# RIO BARIMA, ore carrier of late 1950s



## clydesiderman (Nov 28, 2004)

Does anyone have any information on the ore carrier RIO BARIMA which operated in late 1950s and early 1960s. Thank you.


----------



## Erimus (Feb 20, 2012)

This vessel was one of the 'Rio' Class of vessels operated as ore carriers( 26000 dwt from memory) by the Navios Corporation of the Bahamas, she was under charter, along with about 6 others of her size, plus the River Class vessels ( 19100 dwt) ...their charter was with the United States Steel Corporation for the movement of Cerro Bolivar ores from Puerto Ordaz in Venezuela. They were scheduled via USSC office in London through 'my' department in British Steel.

Navios originally was a wholly owned subsidiary of US Steel from 1954.

geoff


----------



## A.D.FROST (Sep 1, 2008)

clydesiderman said:


> Does anyone have any information on the ore carrier RIO BARIMA which operated in late 1950s and early 1960s. Thank you.

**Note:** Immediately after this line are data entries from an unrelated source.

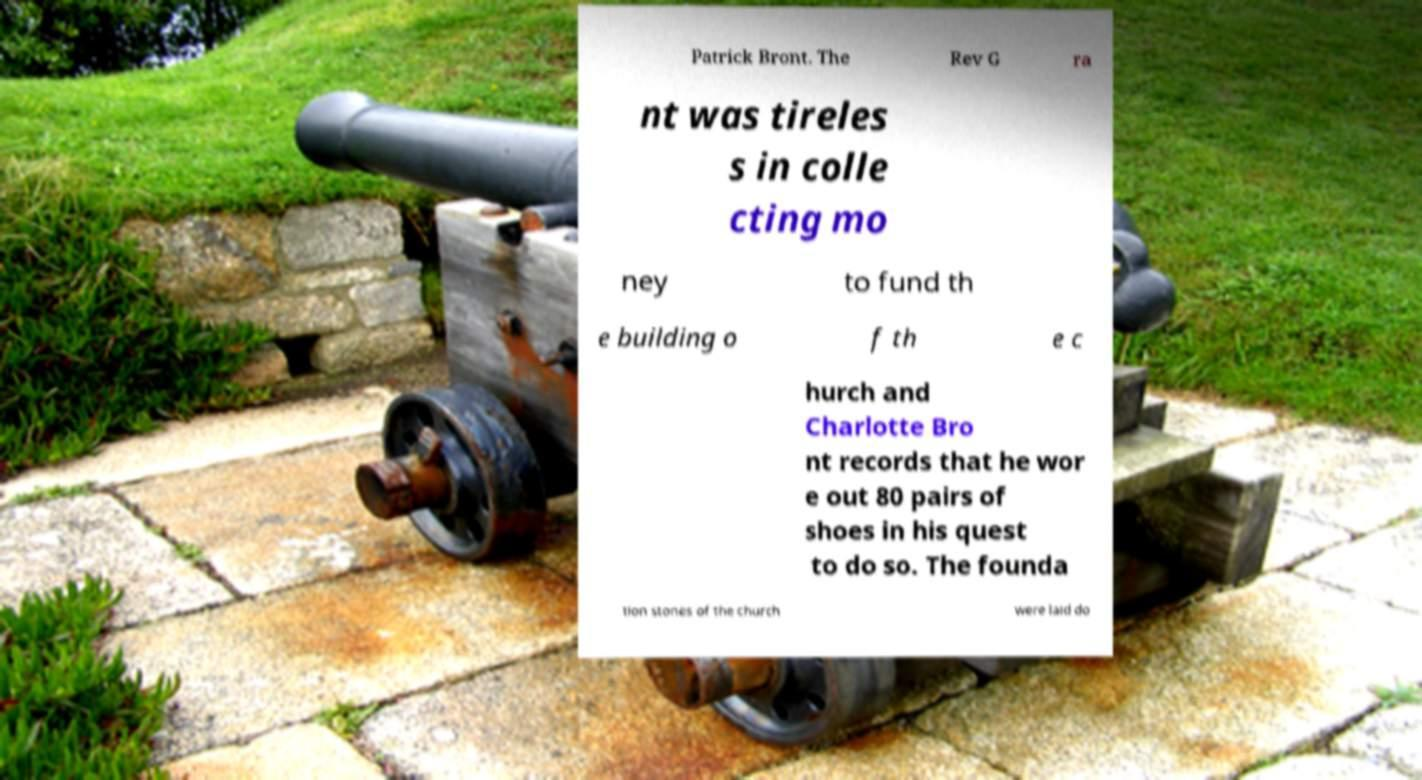I need the written content from this picture converted into text. Can you do that? Patrick Bront. The Rev G ra nt was tireles s in colle cting mo ney to fund th e building o f th e c hurch and Charlotte Bro nt records that he wor e out 80 pairs of shoes in his quest to do so. The founda tion stones of the church were laid do 
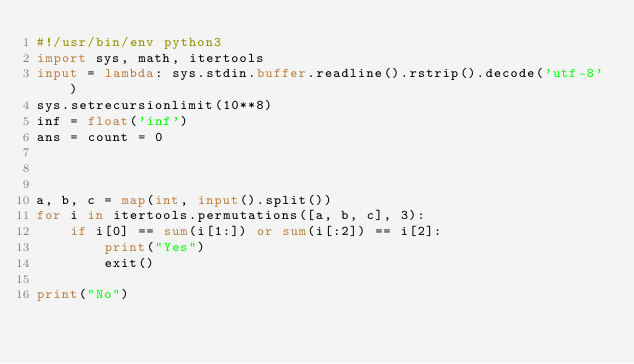<code> <loc_0><loc_0><loc_500><loc_500><_Python_>#!/usr/bin/env python3
import sys, math, itertools
input = lambda: sys.stdin.buffer.readline().rstrip().decode('utf-8')
sys.setrecursionlimit(10**8)
inf = float('inf')
ans = count = 0



a, b, c = map(int, input().split())
for i in itertools.permutations([a, b, c], 3):
    if i[0] == sum(i[1:]) or sum(i[:2]) == i[2]:
        print("Yes")
        exit()

print("No")
</code> 
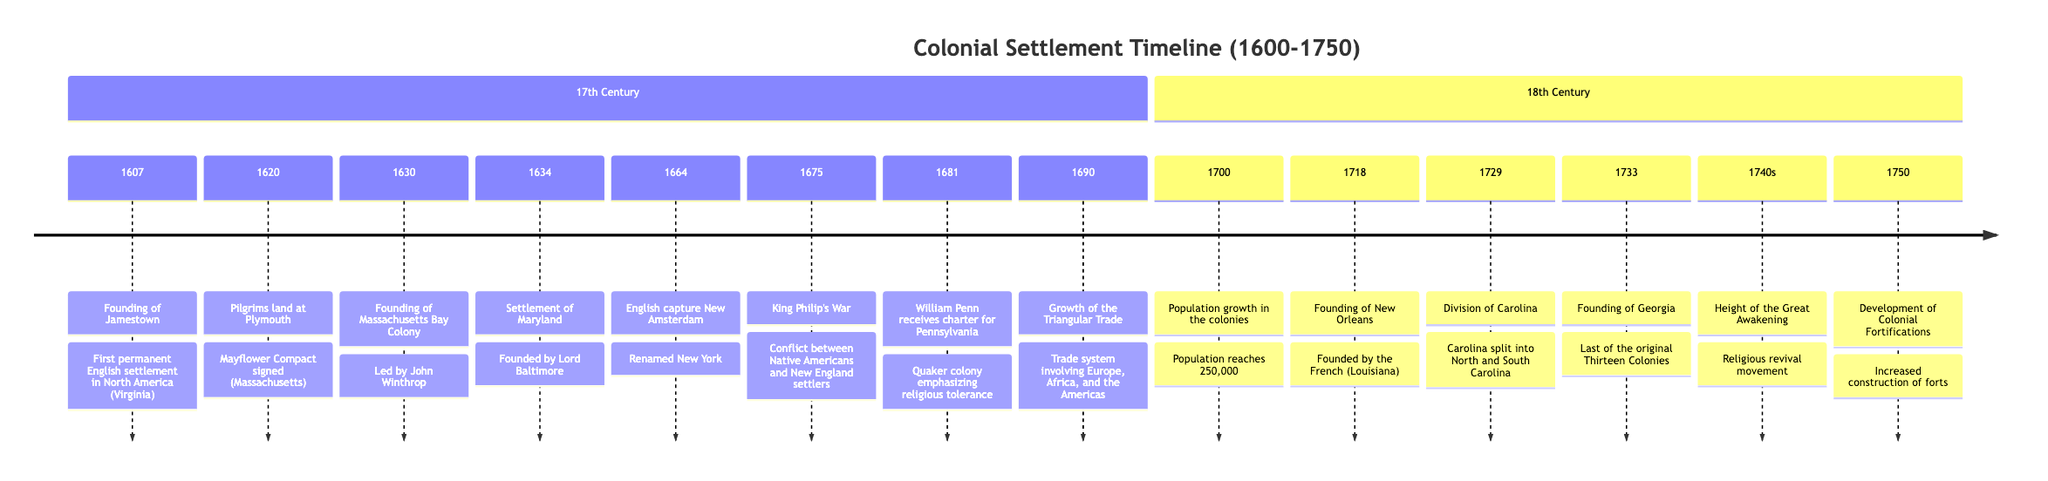What year was Jamestown founded? The timeline indicates that Jamestown was founded in 1607. This information is presented at the top of the 17th Century section.
Answer: 1607 What event marked the signing of the Mayflower Compact? According to the timeline, the landing of the Pilgrims at Plymouth in 1620 is the event associated with the signing of the Mayflower Compact. This is noted directly under the event in the timeline.
Answer: Pilgrims land at Plymouth Which colony was founded by William Penn? The timeline shows that William Penn received the charter for Pennsylvania in 1681, indicating that he founded Pennsylvania. This is explicitly stated under that date in the timeline.
Answer: Pennsylvania What was the population of the colonies around the year 1700? The timeline reveals that in 1700, the population of the colonies was at 250,000, as noted in the population growth event. It is clearly stated under that year.
Answer: 250,000 What significant trade system emerged around 1690? The timeline mentions the growth of the Triangular Trade as significant, noting its connection to Europe, Africa, and the Americas, which reflects evolving trade patterns. This is described in the event for 1690.
Answer: Triangular Trade What was a cause of King Philip's War in 1675? The timeline describes King Philip's War as a conflict between Native Americans and New England settlers, thereby indicating the cause was this conflict. The details are provided directly under the event in the timeline for 1675.
Answer: Conflict between Native Americans and New England settlers In which year was Georgia founded? The timeline specifies that Georgia was founded in 1733, which is clearly marked in the 18th Century section of the timeline.
Answer: 1733 What was a key characteristic of the colony of Maryland founded in 1634? The timeline states that Maryland was founded as a haven for English Catholics, which is a significant characteristic highlighted in the event details for 1634.
Answer: Haven for English Catholics What does the development of colonial fortifications in 1750 indicate? The timeline indicates an increase in the construction of forts in 1750, which reflects the need for defense against European rivals and Native American groups. This explanation is found under the event for that year.
Answer: Defense against European rivals and Native American groups 
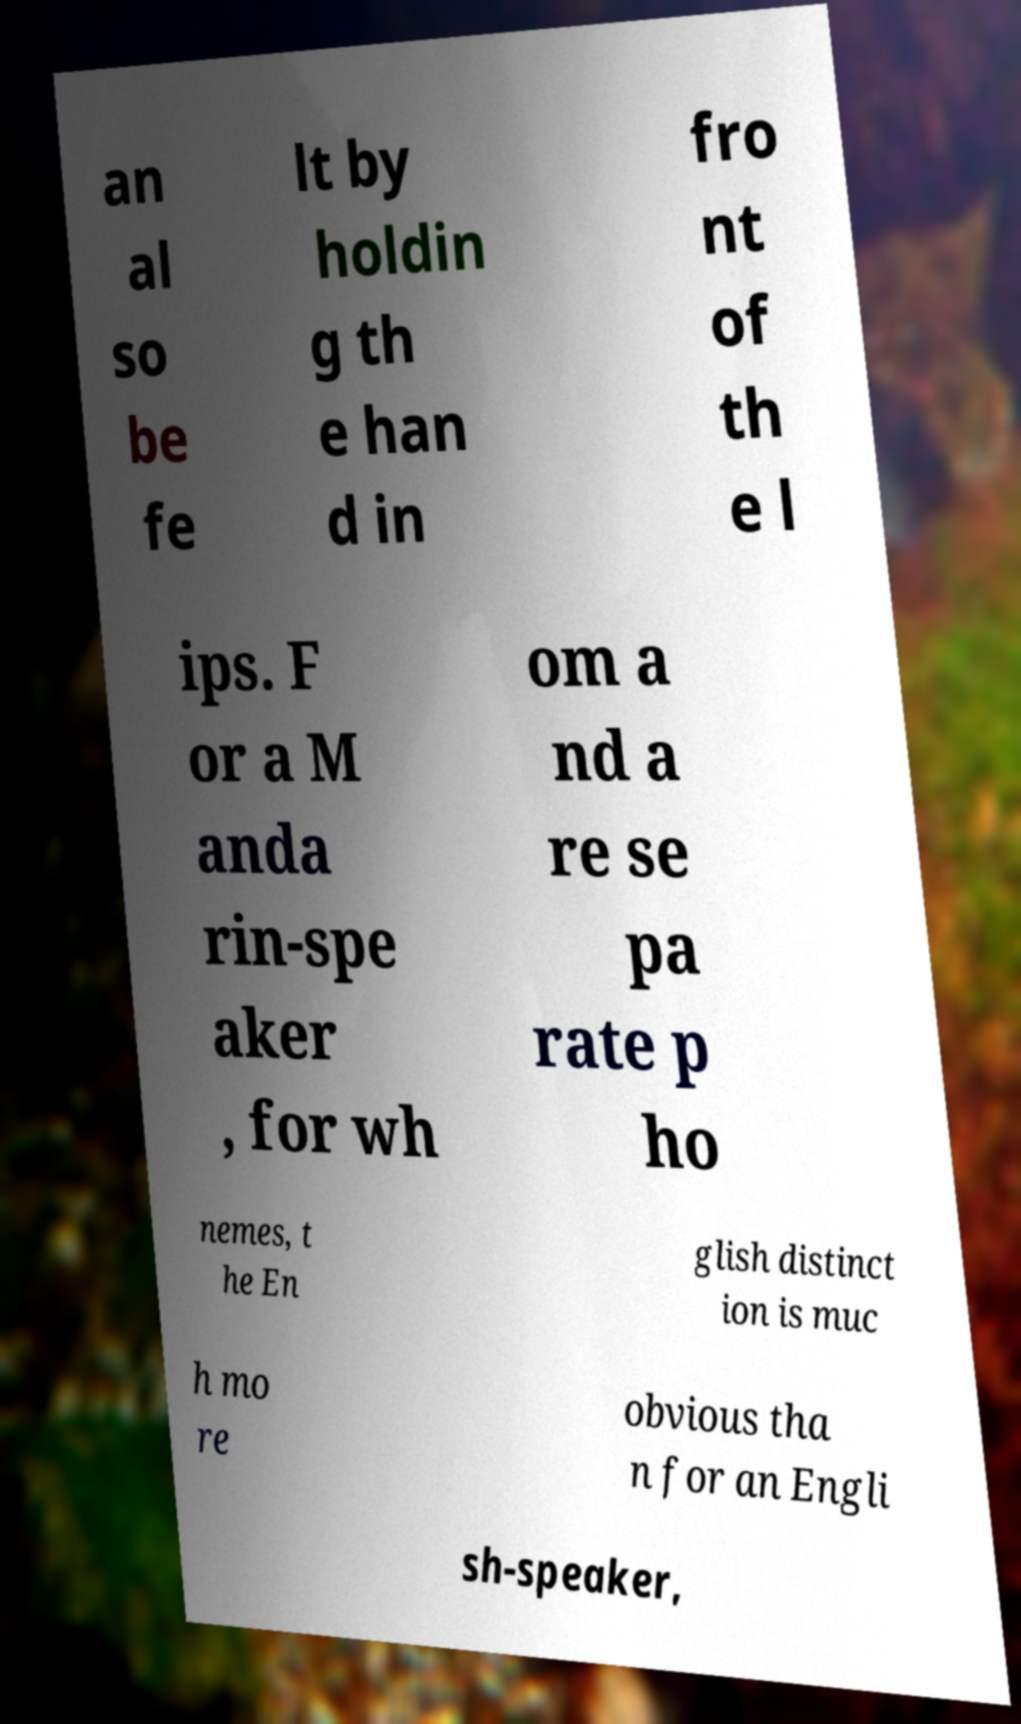Please read and relay the text visible in this image. What does it say? an al so be fe lt by holdin g th e han d in fro nt of th e l ips. F or a M anda rin-spe aker , for wh om a nd a re se pa rate p ho nemes, t he En glish distinct ion is muc h mo re obvious tha n for an Engli sh-speaker,

Launched in two halves.B/U Taiwan 28.1.76


----------



## Erimus (Feb 20, 2012)

A.D.FROST said:


> Launched in two halves.B/U Taiwan 28.1.76


That must have been a replacement vessel Tony as we were using the Barima at least five years earlier..

geoff


----------



## A.D.FROST (Sep 1, 2008)

Erimus said:


> That must have been a replacement vessel Tony as we were using the Barima at least five years earlier..
> 
> geoff


 RIO BARIMA was built in 1959 Aft L.20.1.59 Fore 15.4.59 Transworld Carriers Inc. and scrapped 1976


----------



## Erimus (Feb 20, 2012)

A.D.FROST said:


> RIO BARIMA was built in 1959 Aft L.20.1.59 Fore 15.4.59 Transworld Carriers Inc. and scrapped 1976


That's the one!

geoff


----------